EXTRACTED MATERIAL:
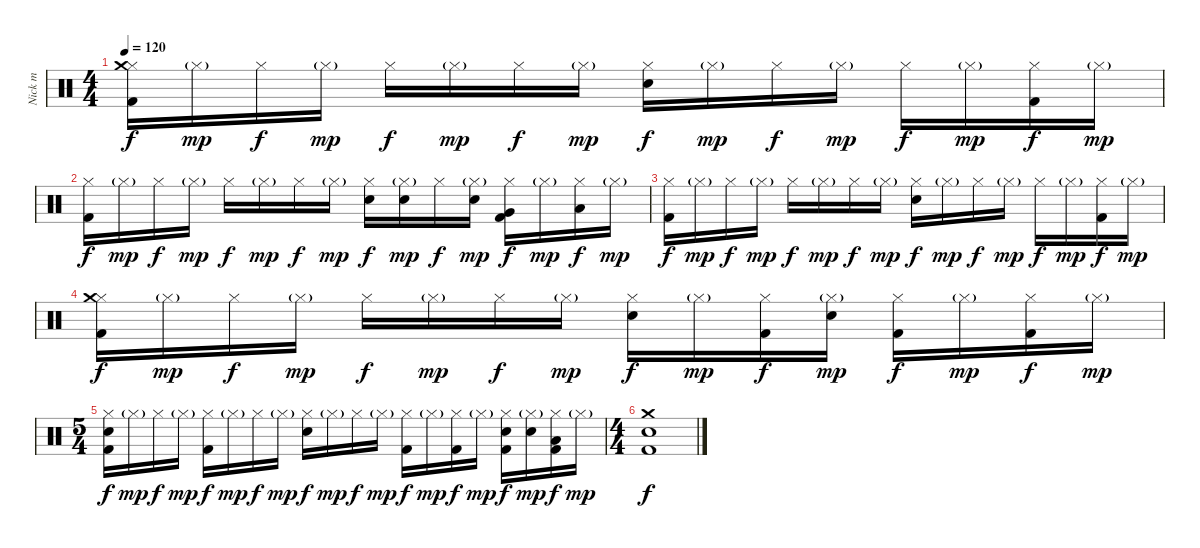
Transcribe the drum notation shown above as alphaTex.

\track ("Nick m" "Nick m") {instrument percussion}
\staff {score}
\articulation defaults
\ts (4 4)
\tempo 120
\clef neutral
\ks c
("Hi-Hat (closed)" "Crash medium (hit)" "Kick (hit) 2").16{dy f} "Hi-Hat (closed)"{g}.16{dy mp} "Hi-Hat (closed)".16{dy f} "Hi-Hat (closed)"{g}.16{dy mp} "Hi-Hat (closed)".16{dy f} "Hi-Hat (closed)"{g}.16{dy mp} "Hi-Hat (closed)".16{dy f} "Hi-Hat (closed)"{g}.16{dy mp} ("Hi-Hat (closed)" "Snare (hit) 2").16{dy f} "Hi-Hat (closed)"{g}.16{dy mp} "Hi-Hat (closed)".16{dy f} "Hi-Hat (closed)"{g}.16{dy mp} "Hi-Hat (closed)".16{dy f} "Hi-Hat (closed)"{g}.16{dy mp} ("Hi-Hat (closed)" "Kick (hit) 2").16{dy f} "Hi-Hat (closed)"{g}.16{dy mp} |
("Hi-Hat (closed)" "Kick (hit) 2").16{dy f} "Hi-Hat (closed)"{g}.16{dy mp} "Hi-Hat (closed)".16{dy f} "Hi-Hat (closed)"{g}.16{dy mp} "Hi-Hat (closed)".16{dy f} "Hi-Hat (closed)"{g}.16{dy mp} "Hi-Hat (closed)".16{dy f} "Hi-Hat (closed)"{g}.16{dy mp} ("Hi-Hat (closed)" "Snare (hit) 2").16{dy f} ("Hi-Hat (closed)"{g} "Snare (hit) 2").16{dy mp} "Hi-Hat (closed)".16{dy f} ("Hi-Hat (closed)"{g} "Snare (hit) 2").16{dy mp} ("Hi-Hat (closed)" "Very Low Tom (hit)" "Kick (hit) 2").16{dy f} "Hi-Hat (closed)"{g}.16{dy mp} ("Hi-Hat (closed)" "Low Floor Tom (hit)").16{dy f} "Hi-Hat (closed)"{g}.16{dy mp} |
("Hi-Hat (closed)" "Kick (hit) 2").16{dy f} "Hi-Hat (closed)"{g}.16{dy mp} "Hi-Hat (closed)".16{dy f} "Hi-Hat (closed)"{g}.16{dy mp} "Hi-Hat (closed)".16{dy f} "Hi-Hat (closed)"{g}.16{dy mp} "Hi-Hat (closed)".16{dy f} "Hi-Hat (closed)"{g}.16{dy mp} ("Hi-Hat (closed)" "Snare (hit) 2").16{dy f} "Hi-Hat (closed)"{g}.16{dy mp} "Hi-Hat (closed)".16{dy f} "Hi-Hat (closed)"{g}.16{dy mp} "Hi-Hat (closed)".16{dy f} "Hi-Hat (closed)"{g}.16{dy mp} ("Hi-Hat (closed)" "Kick (hit) 2").16{dy f} "Hi-Hat (closed)"{g}.16{dy mp} |
("Hi-Hat (closed)" "Crash medium (hit)" "Kick (hit) 2").16{dy f} "Hi-Hat (closed)"{g}.16{dy mp} "Hi-Hat (closed)".16{dy f} "Hi-Hat (closed)"{g}.16{dy mp} "Hi-Hat (closed)".16{dy f} "Hi-Hat (closed)"{g}.16{dy mp} "Hi-Hat (closed)".16{dy f} "Hi-Hat (closed)"{g}.16{dy mp} ("Hi-Hat (closed)" "Snare (hit) 2").16{dy f} "Hi-Hat (closed)"{g}.16{dy mp} ("Hi-Hat (closed)" "Kick (hit) 2").16{dy f} ("Hi-Hat (closed)"{g} "Snare (hit) 2").16{dy mp} ("Hi-Hat (closed)" "Kick (hit) 2").16{dy f} "Hi-Hat (closed)"{g}.16{dy mp} ("Hi-Hat (closed)" "Kick (hit) 2").16{dy f} "Hi-Hat (closed)"{g}.16{dy mp} |
\ts (5 4)
("Hi-Hat (closed)" "Snare (hit) 2" "Kick (hit) 2").16{dy f} "Hi-Hat (closed)"{g}.16{dy mp} "Hi-Hat (closed)".16{dy f} "Hi-Hat (closed)"{g}.16{dy mp} ("Hi-Hat (closed)" "Kick (hit) 2").16{dy f} "Hi-Hat (closed)"{g}.16{dy mp} "Hi-Hat (closed)".16{dy f} "Hi-Hat (closed)"{g}.16{dy mp} ("Hi-Hat (closed)" "Snare (hit) 2").16{dy f} "Hi-Hat (closed)"{g}.16{dy mp} "Hi-Hat (closed)".16{dy f} "Hi-Hat (closed)"{g}.16{dy mp} ("Hi-Hat (closed)" "Kick (hit) 2").16{dy f} "Hi-Hat (closed)"{g}.16{dy mp} ("Hi-Hat (closed)" "Kick (hit) 2").16{dy f} "Hi-Hat (closed)"{g}.16{dy mp} ("Hi-Hat (closed)" "Snare (hit) 2" "Kick (hit) 2").16{dy f} ("Hi-Hat (closed)"{g} "Snare (hit) 2").16{dy mp} ("Hi-Hat (closed)" "Low Floor Tom (hit)" "Kick (hit) 2").16{dy f} "Hi-Hat (closed)"{g}.16{dy mp} |
\ts (4 4)
("Crash medium (hit)" "Snare (hit) 2" "Kick (hit) 2").1{dy f}

WORK INSTRUCTION: Drop the images and transcribe the entries above exactly.

TASK ANSWER:
Transcribe the drum notation shown above as alphaTex.

\track ("Nick m" "Nick m") {instrument percussion}
\staff {score}
\articulation defaults
\ts (4 4)
\tempo 120
\clef neutral
\ks c
("Hi-Hat (closed)" "Crash medium (hit)" "Kick (hit) 2").16{dy f} "Hi-Hat (closed)"{g}.16{dy mp} "Hi-Hat (closed)".16{dy f} "Hi-Hat (closed)"{g}.16{dy mp} "Hi-Hat (closed)".16{dy f} "Hi-Hat (closed)"{g}.16{dy mp} "Hi-Hat (closed)".16{dy f} "Hi-Hat (closed)"{g}.16{dy mp} ("Hi-Hat (closed)" "Snare (hit) 2").16{dy f} "Hi-Hat (closed)"{g}.16{dy mp} "Hi-Hat (closed)".16{dy f} "Hi-Hat (closed)"{g}.16{dy mp} "Hi-Hat (closed)".16{dy f} "Hi-Hat (closed)"{g}.16{dy mp} ("Hi-Hat (closed)" "Kick (hit) 2").16{dy f} "Hi-Hat (closed)"{g}.16{dy mp} |
("Hi-Hat (closed)" "Kick (hit) 2").16{dy f} "Hi-Hat (closed)"{g}.16{dy mp} "Hi-Hat (closed)".16{dy f} "Hi-Hat (closed)"{g}.16{dy mp} "Hi-Hat (closed)".16{dy f} "Hi-Hat (closed)"{g}.16{dy mp} "Hi-Hat (closed)".16{dy f} "Hi-Hat (closed)"{g}.16{dy mp} ("Hi-Hat (closed)" "Snare (hit) 2").16{dy f} ("Hi-Hat (closed)"{g} "Snare (hit) 2").16{dy mp} "Hi-Hat (closed)".16{dy f} ("Hi-Hat (closed)"{g} "Snare (hit) 2").16{dy mp} ("Hi-Hat (closed)" "Very Low Tom (hit)" "Kick (hit) 2").16{dy f} "Hi-Hat (closed)"{g}.16{dy mp} ("Hi-Hat (closed)" "Low Floor Tom (hit)").16{dy f} "Hi-Hat (closed)"{g}.16{dy mp} |
("Hi-Hat (closed)" "Kick (hit) 2").16{dy f} "Hi-Hat (closed)"{g}.16{dy mp} "Hi-Hat (closed)".16{dy f} "Hi-Hat (closed)"{g}.16{dy mp} "Hi-Hat (closed)".16{dy f} "Hi-Hat (closed)"{g}.16{dy mp} "Hi-Hat (closed)".16{dy f} "Hi-Hat (closed)"{g}.16{dy mp} ("Hi-Hat (closed)" "Snare (hit) 2").16{dy f} "Hi-Hat (closed)"{g}.16{dy mp} "Hi-Hat (closed)".16{dy f} "Hi-Hat (closed)"{g}.16{dy mp} "Hi-Hat (closed)".16{dy f} "Hi-Hat (closed)"{g}.16{dy mp} ("Hi-Hat (closed)" "Kick (hit) 2").16{dy f} "Hi-Hat (closed)"{g}.16{dy mp} |
("Hi-Hat (closed)" "Crash medium (hit)" "Kick (hit) 2").16{dy f} "Hi-Hat (closed)"{g}.16{dy mp} "Hi-Hat (closed)".16{dy f} "Hi-Hat (closed)"{g}.16{dy mp} "Hi-Hat (closed)".16{dy f} "Hi-Hat (closed)"{g}.16{dy mp} "Hi-Hat (closed)".16{dy f} "Hi-Hat (closed)"{g}.16{dy mp} ("Hi-Hat (closed)" "Snare (hit) 2").16{dy f} "Hi-Hat (closed)"{g}.16{dy mp} ("Hi-Hat (closed)" "Kick (hit) 2").16{dy f} ("Hi-Hat (closed)"{g} "Snare (hit) 2").16{dy mp} ("Hi-Hat (closed)" "Kick (hit) 2").16{dy f} "Hi-Hat (closed)"{g}.16{dy mp} ("Hi-Hat (closed)" "Kick (hit) 2").16{dy f} "Hi-Hat (closed)"{g}.16{dy mp} |
\ts (5 4)
("Hi-Hat (closed)" "Snare (hit) 2" "Kick (hit) 2").16{dy f} "Hi-Hat (closed)"{g}.16{dy mp} "Hi-Hat (closed)".16{dy f} "Hi-Hat (closed)"{g}.16{dy mp} ("Hi-Hat (closed)" "Kick (hit) 2").16{dy f} "Hi-Hat (closed)"{g}.16{dy mp} "Hi-Hat (closed)".16{dy f} "Hi-Hat (closed)"{g}.16{dy mp} ("Hi-Hat (closed)" "Snare (hit) 2").16{dy f} "Hi-Hat (closed)"{g}.16{dy mp} "Hi-Hat (closed)".16{dy f} "Hi-Hat (closed)"{g}.16{dy mp} ("Hi-Hat (closed)" "Kick (hit) 2").16{dy f} "Hi-Hat (closed)"{g}.16{dy mp} ("Hi-Hat (closed)" "Kick (hit) 2").16{dy f} "Hi-Hat (closed)"{g}.16{dy mp} ("Hi-Hat (closed)" "Snare (hit) 2" "Kick (hit) 2").16{dy f} ("Hi-Hat (closed)"{g} "Snare (hit) 2").16{dy mp} ("Hi-Hat (closed)" "Low Floor Tom (hit)" "Kick (hit) 2").16{dy f} "Hi-Hat (closed)"{g}.16{dy mp} |
\ts (4 4)
("Crash medium (hit)" "Snare (hit) 2" "Kick (hit) 2").1{dy f}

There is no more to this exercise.